What needs to be done:
Look through the records and copy each line with the string "text" in it.

□ □ □ □ □

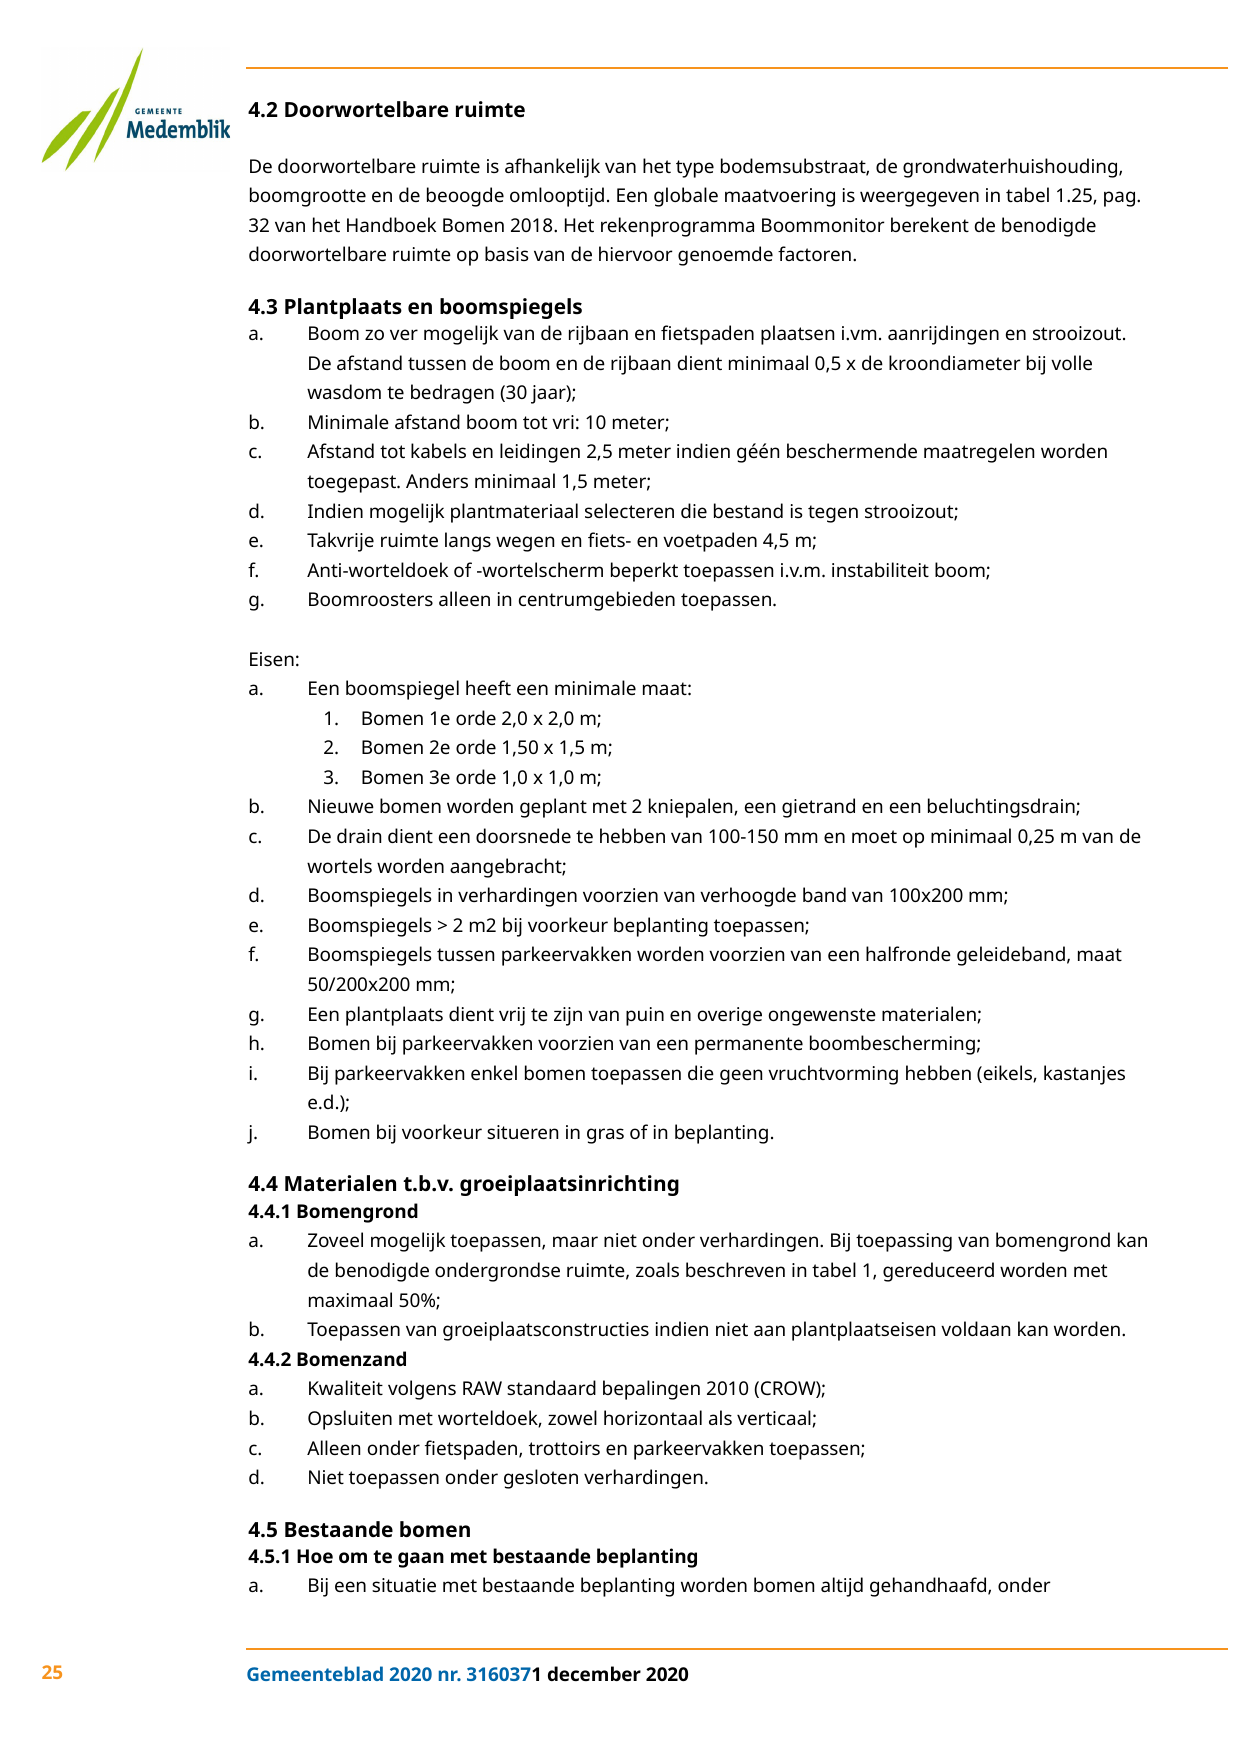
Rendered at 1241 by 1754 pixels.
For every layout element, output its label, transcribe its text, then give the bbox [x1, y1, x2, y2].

text 4.2 Doorwortelbare ruimte [248, 95, 1152, 123]
text 4.4.1 Bomengrond [248, 1198, 1152, 1224]
list Boomspiegels in verhardingen voorzien van verhoogde band van 100x200 mm; [248, 882, 1152, 908]
text 4.4 Materialen t.b.v. groeiplaatsinrichting [248, 1169, 1152, 1198]
list Toepassen van groeiplaatsconstructies indien niet aan plantplaatseisen voldaan kan worden. [248, 1316, 1152, 1342]
list De drain dient een doorsnede te hebben van 100-150 mm en moet op minimaal 0,25 m van de wortels worden aangebracht; [248, 823, 1152, 879]
list Bij parkeervakken enkel bomen toepassen die geen vruchtvorming hebben (eikels, kastanjes e.d.); [248, 1060, 1152, 1115]
text 4.4.2 Bomenzand [248, 1346, 1152, 1372]
list Een boomspiegel heeft een minimale maat: [248, 675, 1152, 701]
list Boomspiegels > 2 m2 bij voorkeur beplanting toepassen; [248, 912, 1152, 938]
list Bomen 3e orde 1,0 x 1,0 m; [323, 764, 1152, 790]
list Boomspiegels tussen parkeervakken worden voorzien van een halfronde geleideband, maat 50/200x200 mm; [248, 942, 1152, 997]
list Takvrije ruimte langs wegen en fiets- en voetpaden 4,5 m; [248, 527, 1152, 553]
list Een plantplaats dient vrij te zijn van puin en overige ongewenste materialen; [248, 1001, 1152, 1027]
list Opsluiten met worteldoek, zowel horizontaal als verticaal; [248, 1405, 1152, 1431]
list Nieuwe bomen worden geplant met 2 kniepalen, een gietrand en een beluchtingsdrain; [248, 794, 1152, 819]
text Eisen: [248, 646, 1152, 672]
list Alleen onder fietspaden, trottoirs en parkeervakken toepassen; [248, 1435, 1152, 1460]
picture [41, 47, 231, 172]
list Bij een situatie met bestaande beplanting worden bomen altijd gehandhaafd, onder [248, 1573, 1152, 1598]
list Bomen 2e orde 1,50 x 1,5 m; [323, 734, 1152, 760]
list Anti-worteldoek of -wortelscherm beperkt toepassen i.v.m. instabiliteit boom; [248, 557, 1152, 583]
text 4.3 Plantplaats en boomspiegels [248, 292, 1152, 320]
text 4.5 Bestaande bomen [248, 1515, 1152, 1543]
list Minimale afstand boom tot vri: 10 meter; [248, 409, 1152, 435]
list Bomen bij parkeervakken voorzien van een permanente boombescherming; [248, 1030, 1152, 1056]
list Bomen 1e orde 2,0 x 2,0 m; [323, 705, 1152, 731]
list Boom zo ver mogelijk van de rijbaan en fietspaden plaatsen i.vm. aanrijdingen en strooizout. De afstand tussen de boom en de rijbaan dient minimaal 0,5 x de kroondiameter bij volle wasdom te bedragen (30 jaar); [248, 320, 1152, 405]
list Niet toepassen onder gesloten verhardingen. [248, 1464, 1152, 1490]
list Bomen bij voorkeur situeren in gras of in beplanting. [248, 1119, 1152, 1145]
list Boomroosters alleen in centrumgebieden toepassen. [248, 587, 1152, 612]
text De doorwortelbare ruimte is afhankelijk van het type bodemsubstraat, de grondwaterhuishouding, boomgrootte en de beoogde omlooptijd. Een globale maatvoering is weergegeven in tabel 1.25, pag. 32 van het Handboek Bomen 2018. Het rekenprogramma Boommonitor berekent de benodigde doorwortelbare ruimte op basis van de hiervoor genoemde factoren. [248, 153, 1152, 267]
list Kwaliteit volgens RAW standaard bepalingen 2010 (CROW); [248, 1376, 1152, 1401]
text 4.5.1 Hoe om te gaan met bestaande beplanting [248, 1543, 1152, 1569]
list Zoveel mogelijk toepassen, maar niet onder verhardingen. Bij toepassing van bomengrond kan de benodigde ondergrondse ruimte, zoals beschreven in tabel 1, gereduceerd worden met maximaal 50%; [248, 1228, 1152, 1312]
list Indien mogelijk plantmateriaal selecteren die bestand is tegen strooizout; [248, 498, 1152, 524]
list Afstand tot kabels en leidingen 2,5 meter indien géén beschermende maatregelen worden toegepast. Anders minimaal 1,5 meter; [248, 439, 1152, 494]
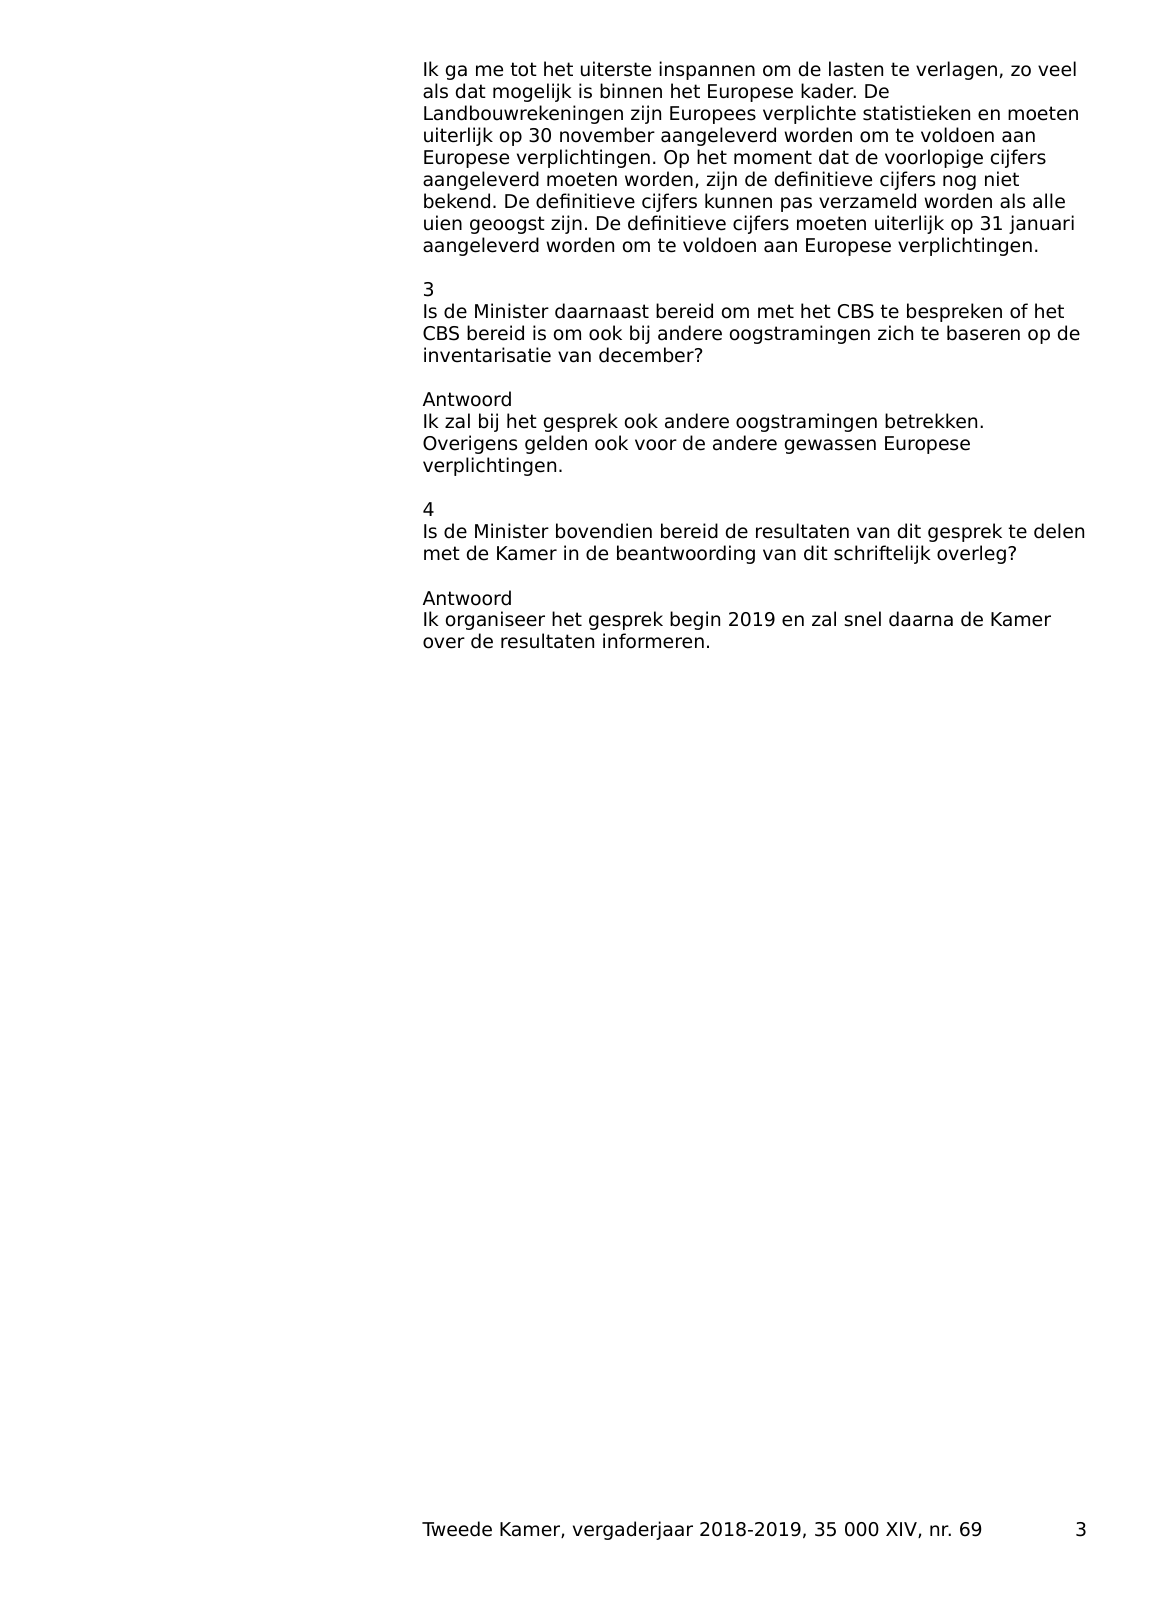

□ □ □ □ □

Solution to this exercise:
For every layout element, output its label, transcribe its text, then give the bbox [x1, y1, x2, y2].
text 4.2 Doorwortelbare ruimte [248, 95, 1152, 123]
text 4.4.1 Bomengrond [248, 1198, 1152, 1224]
text 4.4 Materialen t.b.v. groeiplaatsinrichting [248, 1169, 1152, 1198]
text 4.4.2 Bomenzand [248, 1346, 1152, 1372]
text Eisen: [248, 646, 1152, 672]
text 4.3 Plantplaats en boomspiegels [248, 292, 1152, 320]
text 4.5 Bestaande bomen [248, 1515, 1152, 1543]
text De doorwortelbare ruimte is afhankelijk van het type bodemsubstraat, de grondwaterhuishouding, boomgrootte en de beoogde omlooptijd. Een globale maatvoering is weergegeven in tabel 1.25, pag. 32 van het Handboek Bomen 2018. Het rekenprogramma Boommonitor berekent de benodigde doorwortelbare ruimte op basis van de hiervoor genoemde factoren. [248, 153, 1152, 267]
text 4.5.1 Hoe om te gaan met bestaande beplanting [248, 1543, 1152, 1569]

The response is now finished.